Suppose you’ve decided to go ahead with a vendor instead of the usual car dealership. In that case, the process of applying for a vehicle advance isn’t too different from submitting a request for a regular one. Here’s how you go about it:
Find a suitable car: When submitting a formal request, most lenders will inquire for the details of the vehicle in question. Many financiers limit the age of the vehicle they are willing to fund to about fifteen-twenty years because they are more likely to malfunction. The time frame varies from lender to lender, of course. That doesn’t mean you should list a car that is already eighteen years old. If you intend to take out a five-year loan, the smart way to go about it is to find a vehicle that’s at most ten-fifteen years.
However, some financiers are willing to make provisions for older cars, at the cost of a higher borrowing rate.
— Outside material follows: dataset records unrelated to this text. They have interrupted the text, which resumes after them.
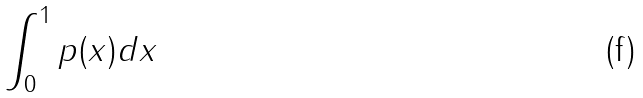Convert formula to latex. <formula><loc_0><loc_0><loc_500><loc_500>\int _ { 0 } ^ { 1 } p ( x ) d x</formula> 
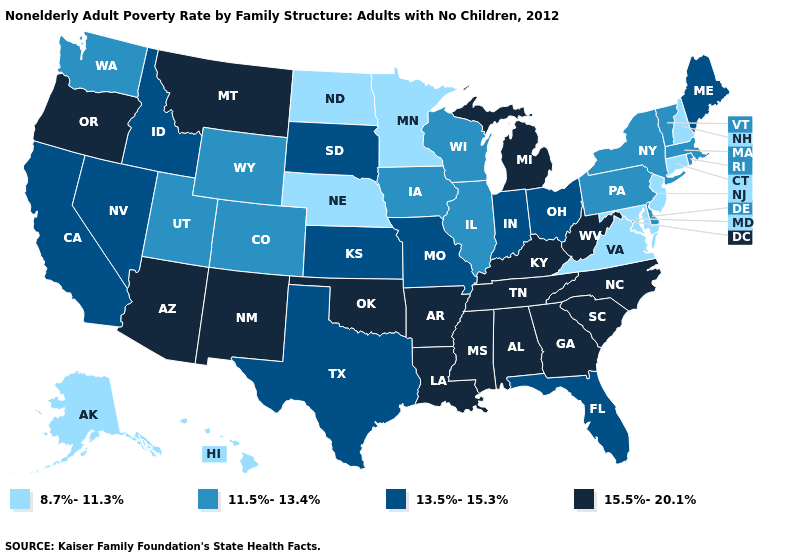Which states have the lowest value in the USA?
Write a very short answer. Alaska, Connecticut, Hawaii, Maryland, Minnesota, Nebraska, New Hampshire, New Jersey, North Dakota, Virginia. Which states have the lowest value in the MidWest?
Write a very short answer. Minnesota, Nebraska, North Dakota. Which states have the lowest value in the West?
Be succinct. Alaska, Hawaii. Name the states that have a value in the range 11.5%-13.4%?
Quick response, please. Colorado, Delaware, Illinois, Iowa, Massachusetts, New York, Pennsylvania, Rhode Island, Utah, Vermont, Washington, Wisconsin, Wyoming. Name the states that have a value in the range 13.5%-15.3%?
Give a very brief answer. California, Florida, Idaho, Indiana, Kansas, Maine, Missouri, Nevada, Ohio, South Dakota, Texas. Which states hav the highest value in the West?
Be succinct. Arizona, Montana, New Mexico, Oregon. Does the first symbol in the legend represent the smallest category?
Write a very short answer. Yes. What is the highest value in the South ?
Answer briefly. 15.5%-20.1%. What is the value of Texas?
Be succinct. 13.5%-15.3%. What is the highest value in the West ?
Concise answer only. 15.5%-20.1%. Does Tennessee have the lowest value in the USA?
Concise answer only. No. Name the states that have a value in the range 8.7%-11.3%?
Keep it brief. Alaska, Connecticut, Hawaii, Maryland, Minnesota, Nebraska, New Hampshire, New Jersey, North Dakota, Virginia. Does Massachusetts have the highest value in the Northeast?
Short answer required. No. Is the legend a continuous bar?
Give a very brief answer. No. What is the value of Minnesota?
Short answer required. 8.7%-11.3%. 
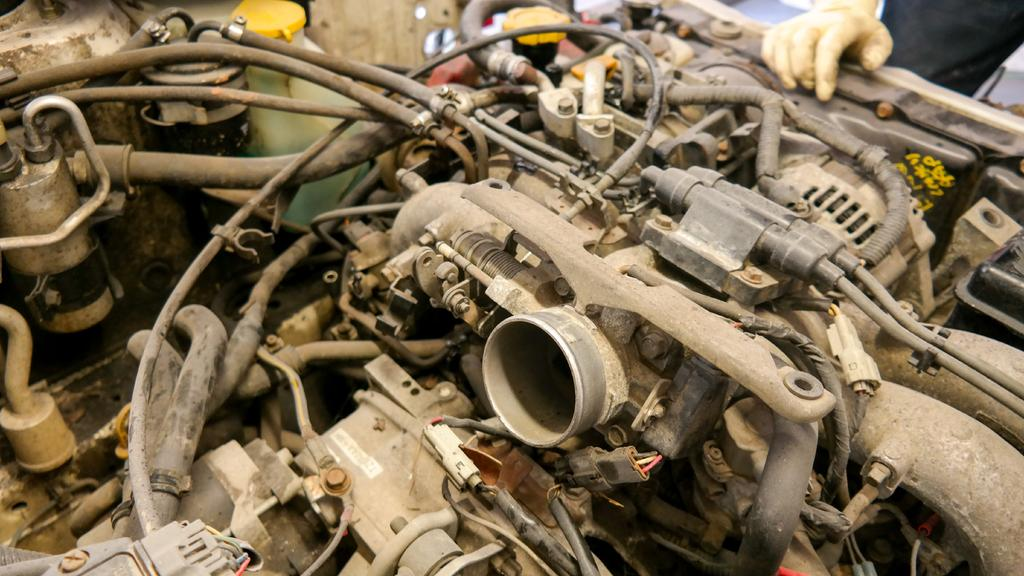What is the main object in the image? There is a machine in the image. What else can be seen in the image besides the machine? There are wires and a human in the image. What is the human doing in the image? A human hand is on the machine in the image. How many jars are on the machine in the image? There are no jars present in the image. What type of frog can be seen sitting on the human's shoulder in the image? There is no frog present in the image. 
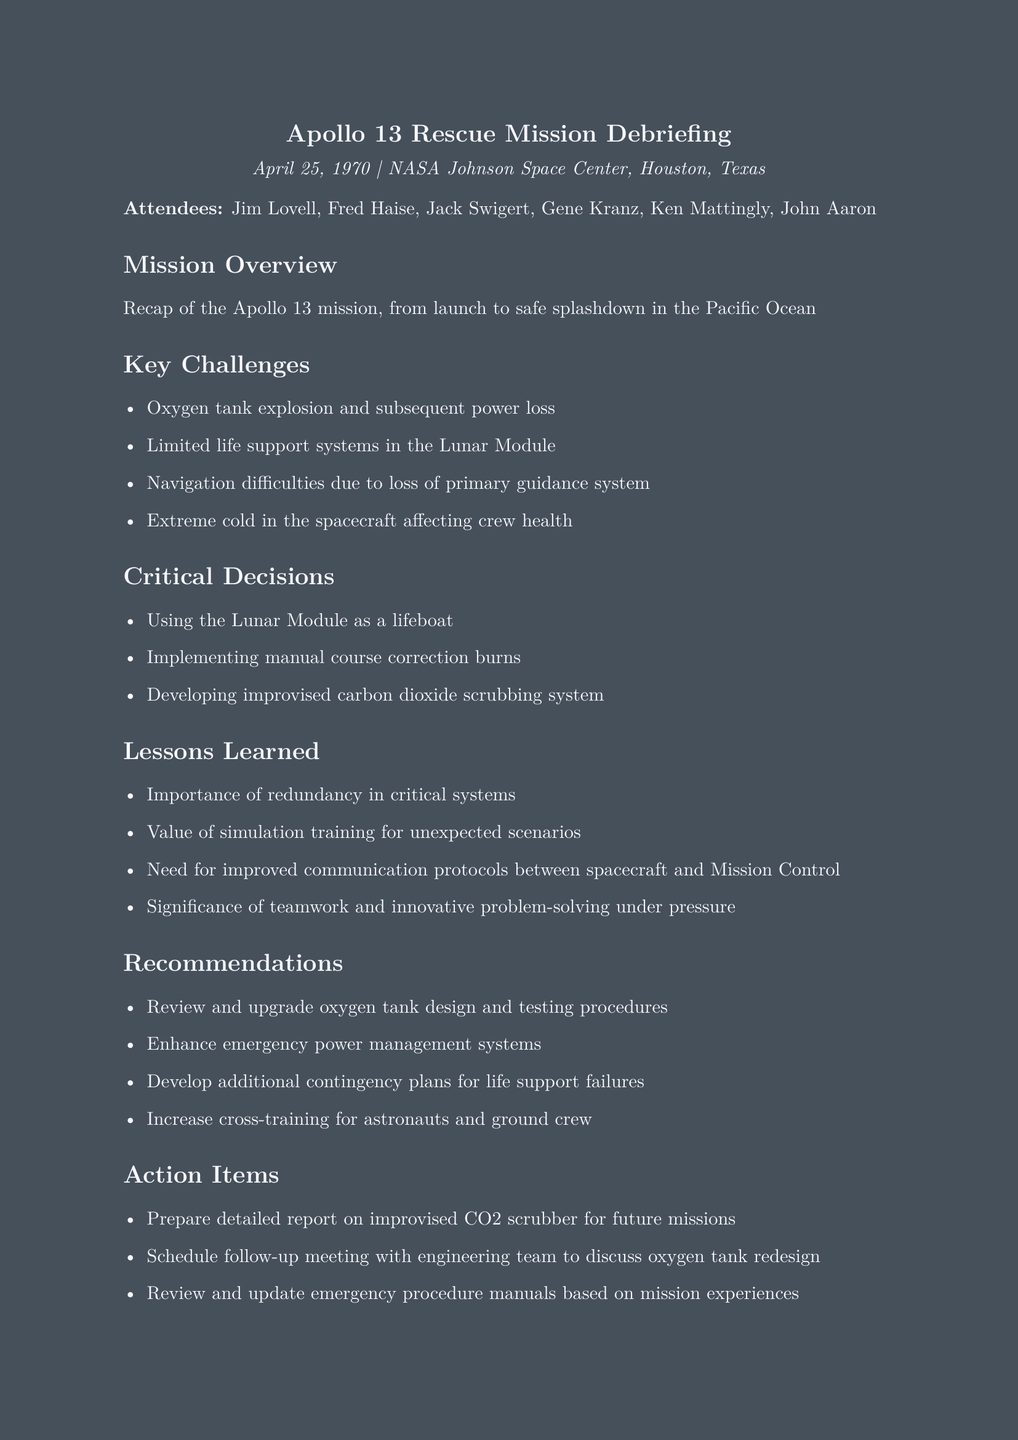What is the date of the meeting? The date of the meeting is specified in the document header.
Answer: April 25, 1970 Who was the first attendee listed? The first attendee is the person mentioned at the beginning of the attendees list.
Answer: Jim Lovell What was one of the key challenges faced during the mission? One of the challenges is mentioned in the "Key Challenges" section.
Answer: Oxygen tank explosion and subsequent power loss What critical decision was made regarding the Lunar Module? The decision is referenced in the "Critical Decisions" section.
Answer: Using the Lunar Module as a lifeboat What is one lesson learned from the mission? The lessons learned are outlined in the "Lessons Learned" section.
Answer: Importance of redundancy in critical systems How many action items were listed in the document? The action items are specified in the "Action Items" section.
Answer: Three What was one recommendation for future missions? Recommendations are provided in the "Recommendations" section.
Answer: Review and upgrade oxygen tank design and testing procedures Who was responsible for scheduling the follow-up meeting? The action items indicate who will be responsible for the follow-up.
Answer: Not specified (action item is general) What was the location of the meeting? The location is stated in the document header.
Answer: NASA Johnson Space Center, Houston, Texas 
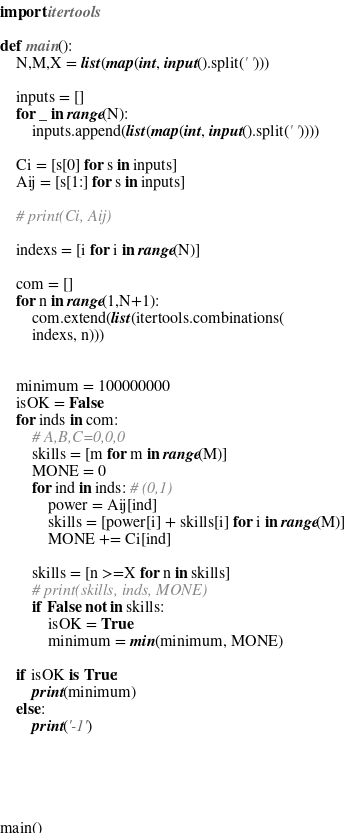<code> <loc_0><loc_0><loc_500><loc_500><_Python_>import itertools

def main():
    N,M,X = list(map(int, input().split(' ')))
    
    inputs = []
    for _ in range(N):
        inputs.append(list(map(int, input().split(' '))))
        
    Ci = [s[0] for s in inputs]
    Aij = [s[1:] for s in inputs]
    
    # print(Ci, Aij)
    
    indexs = [i for i in range(N)]
    
    com = []
    for n in range(1,N+1):
        com.extend(list(itertools.combinations(
        indexs, n)))
    
    
    minimum = 100000000
    isOK = False
    for inds in com:
        # A,B,C=0,0,0
        skills = [m for m in range(M)]
        MONE = 0
        for ind in inds: # (0,1)
            power = Aij[ind]
            skills = [power[i] + skills[i] for i in range(M)]
            MONE += Ci[ind]
        
        skills = [n >=X for n in skills]
        # print(skills, inds, MONE)
        if False not in skills:
            isOK = True
            minimum = min(minimum, MONE)
    
    if isOK is True:
        print(minimum)
    else:
        print('-1')
    
    
            
    

main()</code>

But the price of the vehicle must fall within your max lend, which is the maximum amount lenders are willing to provide based on your earnings.
Apply: Similar to a traditional loan; you need to do your research to find the right lender. It can either be a financial institution such as a bank, or a credit union. If you’re not keen on doing the homework yourself, you can hire a broker to help you find the right financier.
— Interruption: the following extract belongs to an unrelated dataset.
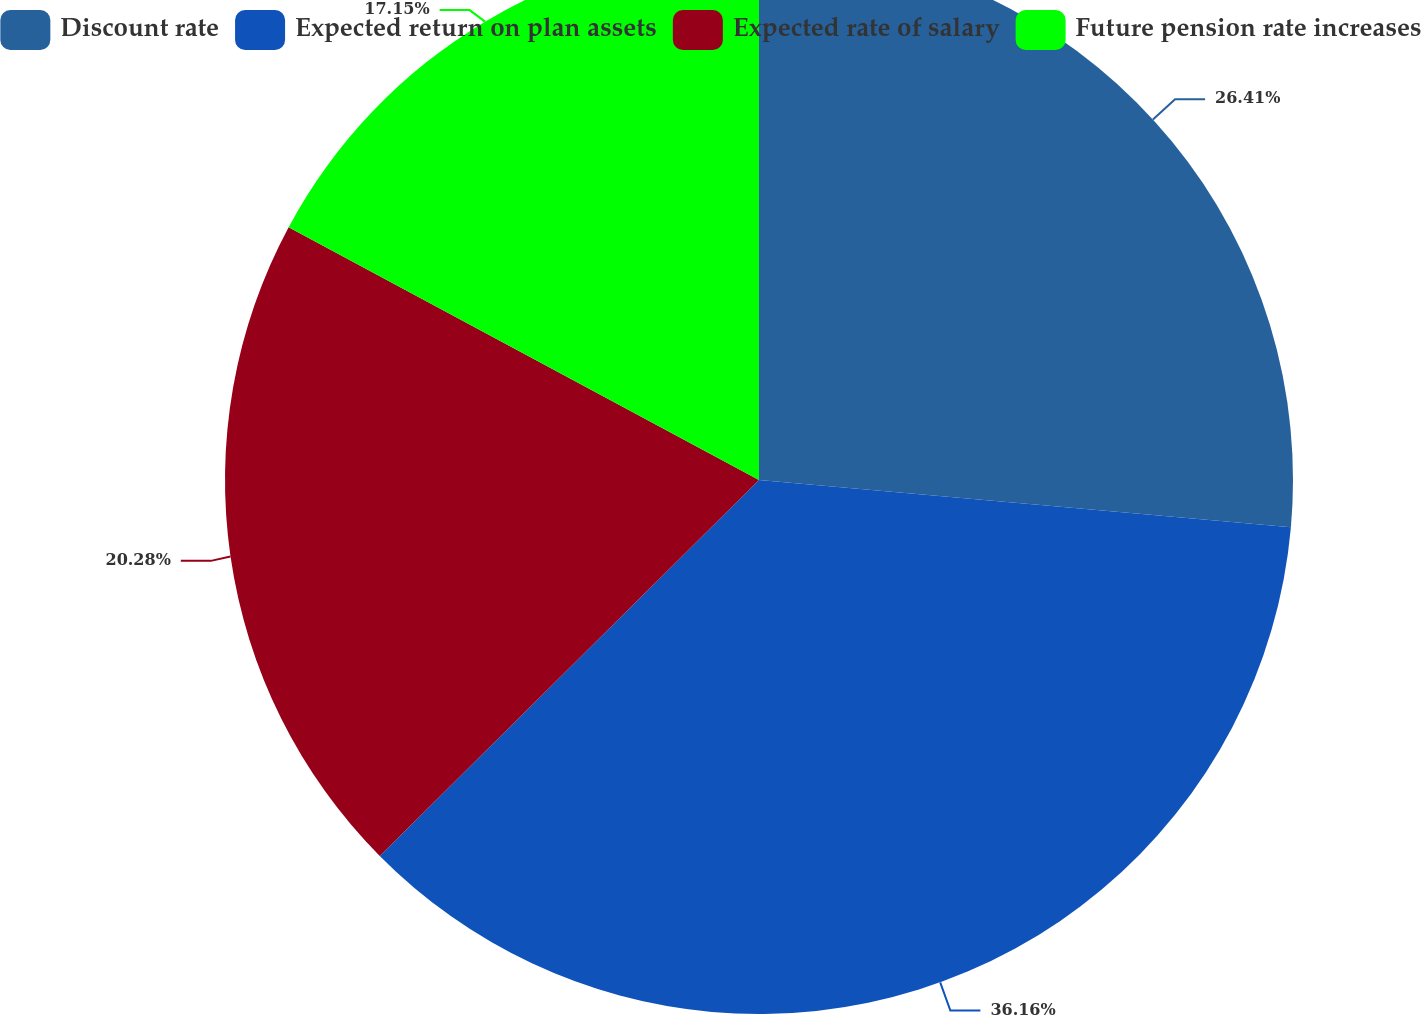Convert chart to OTSL. <chart><loc_0><loc_0><loc_500><loc_500><pie_chart><fcel>Discount rate<fcel>Expected return on plan assets<fcel>Expected rate of salary<fcel>Future pension rate increases<nl><fcel>26.41%<fcel>36.16%<fcel>20.28%<fcel>17.15%<nl></chart> 
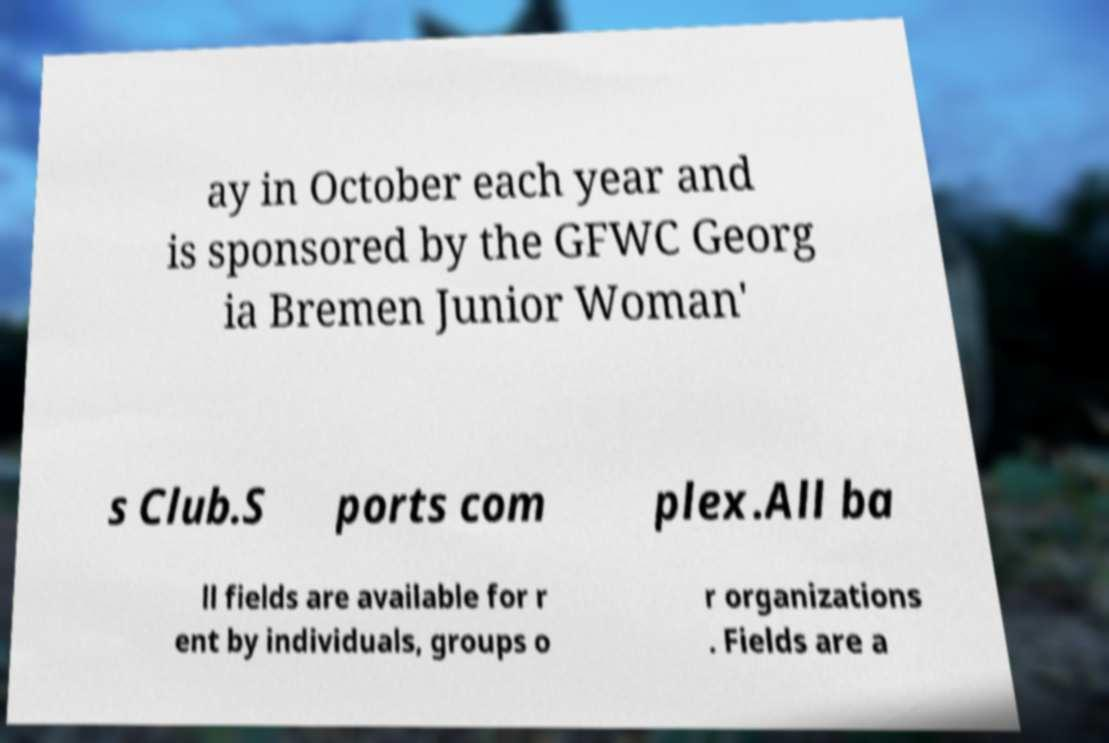Can you accurately transcribe the text from the provided image for me? ay in October each year and is sponsored by the GFWC Georg ia Bremen Junior Woman' s Club.S ports com plex.All ba ll fields are available for r ent by individuals, groups o r organizations . Fields are a

Once you’ve identified the right lender with attractive rates, the next step is to have your documents ready. Most of them will request some valid identification, as well as evidence of your earnings. Prepare for a credit check as well by making sure there are no blemishes beforehand. An excellent tip to keep in mind is that if you can apply to several lenders within a contained time frame of two weeks, you won’t mess up your credit. Remember that you’ll also have to provide details of the car you want.
Close the deal: After submitting your application, the financiers will consider it and decide whether to approve it or not. If you get an approval, then you or an external loan officer acting on your behalf can close the deal. This step often involves the final evaluation of the car and preparing the official documents you can sign. Ensure you read through the details of the loan carefully, before committing to any agreement. Once the appropriate arrangements are complete, the financier can transfer the funds to you to make the purchase.
Do I require the vendor to do anything?
Yes, of course. Whoever is making the sales need to provide some documentation for legal purposes, whether or not you apply for an advance. One document, they mostly give the lender is a signed invoice that confirms the sale of the vehicle at the agreed price. Preceding the sales, the financier will often require their latest bank report to verify their account details before making the transfer. Other things they need to provide is ID and the car registration papers to prove they are the legal owners of the vehicle. Sometimes, lenders also insist on a roadworthiness test to confirm the car is in good condition.
What if the vehicle is already under finance?
If the car you plan to purchase is still under finance, i.e. the vendor is still paying off their loan, you can still proceed with the arrangement. But there are some things you should do.
First of all, if the person making the sales can afford to, they should pay off the loan ultimately. That will make the process a lot smoother, but if they can’t, they will need a payout letter. The letter should include details like:
- How much the exit fee is.
- The due date for the loan.
- Details of the financier.
- A statement that the financier will remove the remaining interest on the vehicle upon receiving full payment.
Your lender can then make the necessary to transfer to the vendor’s financier, and you will then be able to acquire the vehicle.
However, if the payout is more than the car price, then the vendor must cover the difference before your lender can proceed with the transfer, and close the loan. In contrast, if the payout is smaller, then the lender will send the difference to the current car owner. Once the settlement is complete, you will have a two-week window to transfer the car’s ownership to yourself.
Private car sales are a great way to avoid exuberant dealership markups, but they come with their own risk. It’s in your best interest to shop carefully and check the vehicle thoroughly, before committing. A good way to ensure the legitimacy of the vehicle is through a car valuation.